What the task asks:
Return only the lines running from the first line of the listing through the one with "install_method: fastboot_zenfone", unchanged.

Information supplied:

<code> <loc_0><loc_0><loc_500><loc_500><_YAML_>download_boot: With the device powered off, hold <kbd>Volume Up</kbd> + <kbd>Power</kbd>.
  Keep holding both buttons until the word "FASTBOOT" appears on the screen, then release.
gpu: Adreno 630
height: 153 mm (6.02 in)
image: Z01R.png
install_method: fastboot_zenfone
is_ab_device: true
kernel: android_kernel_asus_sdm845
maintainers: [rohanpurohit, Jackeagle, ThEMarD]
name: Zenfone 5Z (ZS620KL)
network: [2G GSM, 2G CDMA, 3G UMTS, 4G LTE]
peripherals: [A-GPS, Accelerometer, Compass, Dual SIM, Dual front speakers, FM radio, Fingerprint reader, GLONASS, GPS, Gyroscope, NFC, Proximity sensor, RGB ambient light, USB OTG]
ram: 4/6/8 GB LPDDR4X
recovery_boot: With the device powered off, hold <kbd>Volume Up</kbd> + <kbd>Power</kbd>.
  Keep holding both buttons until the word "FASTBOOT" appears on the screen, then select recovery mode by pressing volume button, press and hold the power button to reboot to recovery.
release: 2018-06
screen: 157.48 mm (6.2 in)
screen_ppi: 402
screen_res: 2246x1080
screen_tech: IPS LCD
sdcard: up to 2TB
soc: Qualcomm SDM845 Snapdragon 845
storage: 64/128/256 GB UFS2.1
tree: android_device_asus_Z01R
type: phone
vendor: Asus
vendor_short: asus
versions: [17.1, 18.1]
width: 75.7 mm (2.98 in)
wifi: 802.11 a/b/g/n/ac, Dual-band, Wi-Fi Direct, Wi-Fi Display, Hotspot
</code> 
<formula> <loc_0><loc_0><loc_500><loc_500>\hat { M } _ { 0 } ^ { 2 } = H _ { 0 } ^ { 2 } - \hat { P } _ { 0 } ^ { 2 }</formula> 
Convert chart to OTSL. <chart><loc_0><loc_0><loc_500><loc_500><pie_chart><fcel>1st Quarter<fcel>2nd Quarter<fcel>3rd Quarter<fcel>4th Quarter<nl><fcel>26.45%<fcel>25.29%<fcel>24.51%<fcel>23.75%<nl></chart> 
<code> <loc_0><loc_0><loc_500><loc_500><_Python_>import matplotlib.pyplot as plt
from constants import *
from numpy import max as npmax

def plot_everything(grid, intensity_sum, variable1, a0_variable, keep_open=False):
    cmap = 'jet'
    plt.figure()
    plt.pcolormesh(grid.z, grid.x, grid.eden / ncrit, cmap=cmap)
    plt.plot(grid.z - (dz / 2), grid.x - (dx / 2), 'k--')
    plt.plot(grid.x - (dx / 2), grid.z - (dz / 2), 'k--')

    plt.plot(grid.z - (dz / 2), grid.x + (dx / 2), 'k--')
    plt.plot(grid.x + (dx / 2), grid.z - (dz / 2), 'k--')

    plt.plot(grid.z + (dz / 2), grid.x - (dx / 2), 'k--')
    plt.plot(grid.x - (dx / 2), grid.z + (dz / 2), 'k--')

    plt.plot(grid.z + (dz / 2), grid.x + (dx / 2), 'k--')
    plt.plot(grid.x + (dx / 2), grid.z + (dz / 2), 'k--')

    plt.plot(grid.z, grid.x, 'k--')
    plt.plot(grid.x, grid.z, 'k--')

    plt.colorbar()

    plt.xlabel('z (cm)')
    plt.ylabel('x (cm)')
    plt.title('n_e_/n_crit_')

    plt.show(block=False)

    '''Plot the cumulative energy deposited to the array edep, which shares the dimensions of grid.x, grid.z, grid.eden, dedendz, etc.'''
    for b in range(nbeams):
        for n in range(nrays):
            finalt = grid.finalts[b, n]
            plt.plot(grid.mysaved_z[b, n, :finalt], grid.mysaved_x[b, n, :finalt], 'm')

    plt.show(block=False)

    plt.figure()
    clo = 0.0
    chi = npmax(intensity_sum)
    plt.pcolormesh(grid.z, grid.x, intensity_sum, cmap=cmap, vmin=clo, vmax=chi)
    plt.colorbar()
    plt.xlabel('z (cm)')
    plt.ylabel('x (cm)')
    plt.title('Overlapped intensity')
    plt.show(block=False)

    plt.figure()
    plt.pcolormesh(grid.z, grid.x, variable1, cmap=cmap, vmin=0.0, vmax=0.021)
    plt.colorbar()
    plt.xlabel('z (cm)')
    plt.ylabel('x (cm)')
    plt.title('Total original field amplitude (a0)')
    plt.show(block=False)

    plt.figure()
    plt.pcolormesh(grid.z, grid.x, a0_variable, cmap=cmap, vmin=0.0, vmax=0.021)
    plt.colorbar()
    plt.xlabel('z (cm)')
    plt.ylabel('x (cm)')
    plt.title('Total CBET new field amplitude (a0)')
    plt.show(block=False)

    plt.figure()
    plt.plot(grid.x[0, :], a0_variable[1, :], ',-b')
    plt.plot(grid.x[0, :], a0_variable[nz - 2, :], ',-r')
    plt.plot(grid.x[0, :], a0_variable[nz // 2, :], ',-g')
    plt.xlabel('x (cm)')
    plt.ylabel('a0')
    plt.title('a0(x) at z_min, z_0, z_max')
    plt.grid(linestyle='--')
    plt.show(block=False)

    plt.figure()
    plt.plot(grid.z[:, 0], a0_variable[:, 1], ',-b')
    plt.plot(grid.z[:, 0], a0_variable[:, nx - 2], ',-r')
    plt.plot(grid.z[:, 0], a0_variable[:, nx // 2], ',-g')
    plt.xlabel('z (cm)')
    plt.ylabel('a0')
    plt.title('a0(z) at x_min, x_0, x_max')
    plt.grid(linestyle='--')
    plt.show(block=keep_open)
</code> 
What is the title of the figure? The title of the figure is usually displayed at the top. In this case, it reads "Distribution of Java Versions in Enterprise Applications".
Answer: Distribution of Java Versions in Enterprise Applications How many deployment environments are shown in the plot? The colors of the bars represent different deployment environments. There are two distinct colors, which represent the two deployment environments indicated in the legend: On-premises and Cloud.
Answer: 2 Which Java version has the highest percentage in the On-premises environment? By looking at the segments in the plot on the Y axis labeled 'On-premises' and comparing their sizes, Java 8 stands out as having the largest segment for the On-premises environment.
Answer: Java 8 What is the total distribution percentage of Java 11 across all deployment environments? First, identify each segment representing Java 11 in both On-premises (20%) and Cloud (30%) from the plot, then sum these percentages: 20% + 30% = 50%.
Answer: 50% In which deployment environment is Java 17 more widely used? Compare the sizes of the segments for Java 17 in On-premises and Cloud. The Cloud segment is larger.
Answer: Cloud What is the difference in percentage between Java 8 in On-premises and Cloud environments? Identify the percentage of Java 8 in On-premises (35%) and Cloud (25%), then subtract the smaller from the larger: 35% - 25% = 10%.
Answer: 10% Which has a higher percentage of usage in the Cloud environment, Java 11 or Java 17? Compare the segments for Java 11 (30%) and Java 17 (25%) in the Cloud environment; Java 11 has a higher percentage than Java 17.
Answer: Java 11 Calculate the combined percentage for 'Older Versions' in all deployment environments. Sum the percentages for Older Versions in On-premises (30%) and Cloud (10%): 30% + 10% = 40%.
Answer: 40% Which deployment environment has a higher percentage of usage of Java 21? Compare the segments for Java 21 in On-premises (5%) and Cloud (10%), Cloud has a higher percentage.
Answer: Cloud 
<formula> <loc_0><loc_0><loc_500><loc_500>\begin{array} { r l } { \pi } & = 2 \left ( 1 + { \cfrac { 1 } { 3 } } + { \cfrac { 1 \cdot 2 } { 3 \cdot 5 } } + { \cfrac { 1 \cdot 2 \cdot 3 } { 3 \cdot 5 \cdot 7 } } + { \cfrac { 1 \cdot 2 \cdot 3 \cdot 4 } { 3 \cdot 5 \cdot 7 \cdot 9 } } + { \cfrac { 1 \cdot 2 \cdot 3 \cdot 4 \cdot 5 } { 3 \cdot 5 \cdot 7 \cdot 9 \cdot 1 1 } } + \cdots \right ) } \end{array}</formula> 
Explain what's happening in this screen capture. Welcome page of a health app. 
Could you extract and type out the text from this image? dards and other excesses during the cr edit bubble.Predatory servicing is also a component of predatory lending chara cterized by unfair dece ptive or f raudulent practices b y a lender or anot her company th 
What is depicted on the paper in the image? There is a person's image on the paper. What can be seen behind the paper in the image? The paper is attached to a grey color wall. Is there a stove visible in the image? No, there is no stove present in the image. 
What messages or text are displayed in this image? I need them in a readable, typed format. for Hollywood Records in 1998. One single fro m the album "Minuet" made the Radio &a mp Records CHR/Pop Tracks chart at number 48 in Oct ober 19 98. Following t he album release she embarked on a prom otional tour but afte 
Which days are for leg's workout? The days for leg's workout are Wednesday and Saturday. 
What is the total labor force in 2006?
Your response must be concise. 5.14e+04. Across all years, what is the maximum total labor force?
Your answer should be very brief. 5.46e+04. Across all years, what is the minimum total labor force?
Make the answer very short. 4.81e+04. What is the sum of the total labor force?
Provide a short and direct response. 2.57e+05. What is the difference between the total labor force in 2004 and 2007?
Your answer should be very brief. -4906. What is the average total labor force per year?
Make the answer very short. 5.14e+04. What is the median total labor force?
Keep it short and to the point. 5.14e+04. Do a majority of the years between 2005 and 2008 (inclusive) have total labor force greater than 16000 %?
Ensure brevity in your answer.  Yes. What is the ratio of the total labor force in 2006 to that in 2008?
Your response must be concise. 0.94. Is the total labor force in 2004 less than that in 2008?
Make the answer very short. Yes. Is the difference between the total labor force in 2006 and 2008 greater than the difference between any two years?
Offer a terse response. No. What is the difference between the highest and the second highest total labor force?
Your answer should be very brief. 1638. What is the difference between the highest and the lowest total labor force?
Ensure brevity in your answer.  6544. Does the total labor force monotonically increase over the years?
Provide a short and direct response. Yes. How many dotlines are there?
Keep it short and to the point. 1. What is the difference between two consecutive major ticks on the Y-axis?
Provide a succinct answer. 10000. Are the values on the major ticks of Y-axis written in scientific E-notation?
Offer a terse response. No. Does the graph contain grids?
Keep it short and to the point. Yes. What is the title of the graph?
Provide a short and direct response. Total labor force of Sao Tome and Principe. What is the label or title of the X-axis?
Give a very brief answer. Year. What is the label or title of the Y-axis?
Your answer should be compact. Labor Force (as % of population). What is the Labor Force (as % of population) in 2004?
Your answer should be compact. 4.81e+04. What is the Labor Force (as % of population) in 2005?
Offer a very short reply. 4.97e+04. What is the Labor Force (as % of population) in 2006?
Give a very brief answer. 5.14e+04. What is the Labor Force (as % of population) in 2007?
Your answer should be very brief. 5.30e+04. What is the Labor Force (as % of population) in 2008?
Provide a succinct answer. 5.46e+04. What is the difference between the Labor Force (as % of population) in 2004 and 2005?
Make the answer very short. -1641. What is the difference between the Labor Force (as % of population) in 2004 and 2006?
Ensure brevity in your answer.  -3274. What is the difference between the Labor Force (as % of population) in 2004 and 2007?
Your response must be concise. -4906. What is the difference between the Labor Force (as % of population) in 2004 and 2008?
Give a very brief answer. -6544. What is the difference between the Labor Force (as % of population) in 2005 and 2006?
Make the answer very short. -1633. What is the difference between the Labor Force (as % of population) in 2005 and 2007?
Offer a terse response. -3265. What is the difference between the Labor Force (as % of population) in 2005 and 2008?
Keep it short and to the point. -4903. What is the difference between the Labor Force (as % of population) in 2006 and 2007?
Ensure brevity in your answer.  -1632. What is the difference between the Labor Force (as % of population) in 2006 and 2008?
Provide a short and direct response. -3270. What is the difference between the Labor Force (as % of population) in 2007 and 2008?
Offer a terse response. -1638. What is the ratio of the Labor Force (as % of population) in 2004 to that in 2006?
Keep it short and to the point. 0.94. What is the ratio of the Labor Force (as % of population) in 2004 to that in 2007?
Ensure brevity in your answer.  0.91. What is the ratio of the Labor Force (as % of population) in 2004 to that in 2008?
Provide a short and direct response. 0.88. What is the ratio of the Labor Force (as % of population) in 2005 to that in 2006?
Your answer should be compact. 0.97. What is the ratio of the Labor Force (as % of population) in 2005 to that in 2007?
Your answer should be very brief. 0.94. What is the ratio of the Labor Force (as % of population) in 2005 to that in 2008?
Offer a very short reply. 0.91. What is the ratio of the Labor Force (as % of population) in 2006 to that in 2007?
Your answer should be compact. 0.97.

Response for this exercise:
<code> <loc_0><loc_0><loc_500><loc_500><_YAML_>download_boot: With the device powered off, hold <kbd>Volume Up</kbd> + <kbd>Power</kbd>.
  Keep holding both buttons until the word "FASTBOOT" appears on the screen, then release.
gpu: Adreno 630
height: 153 mm (6.02 in)
image: Z01R.png
install_method: fastboot_zenfone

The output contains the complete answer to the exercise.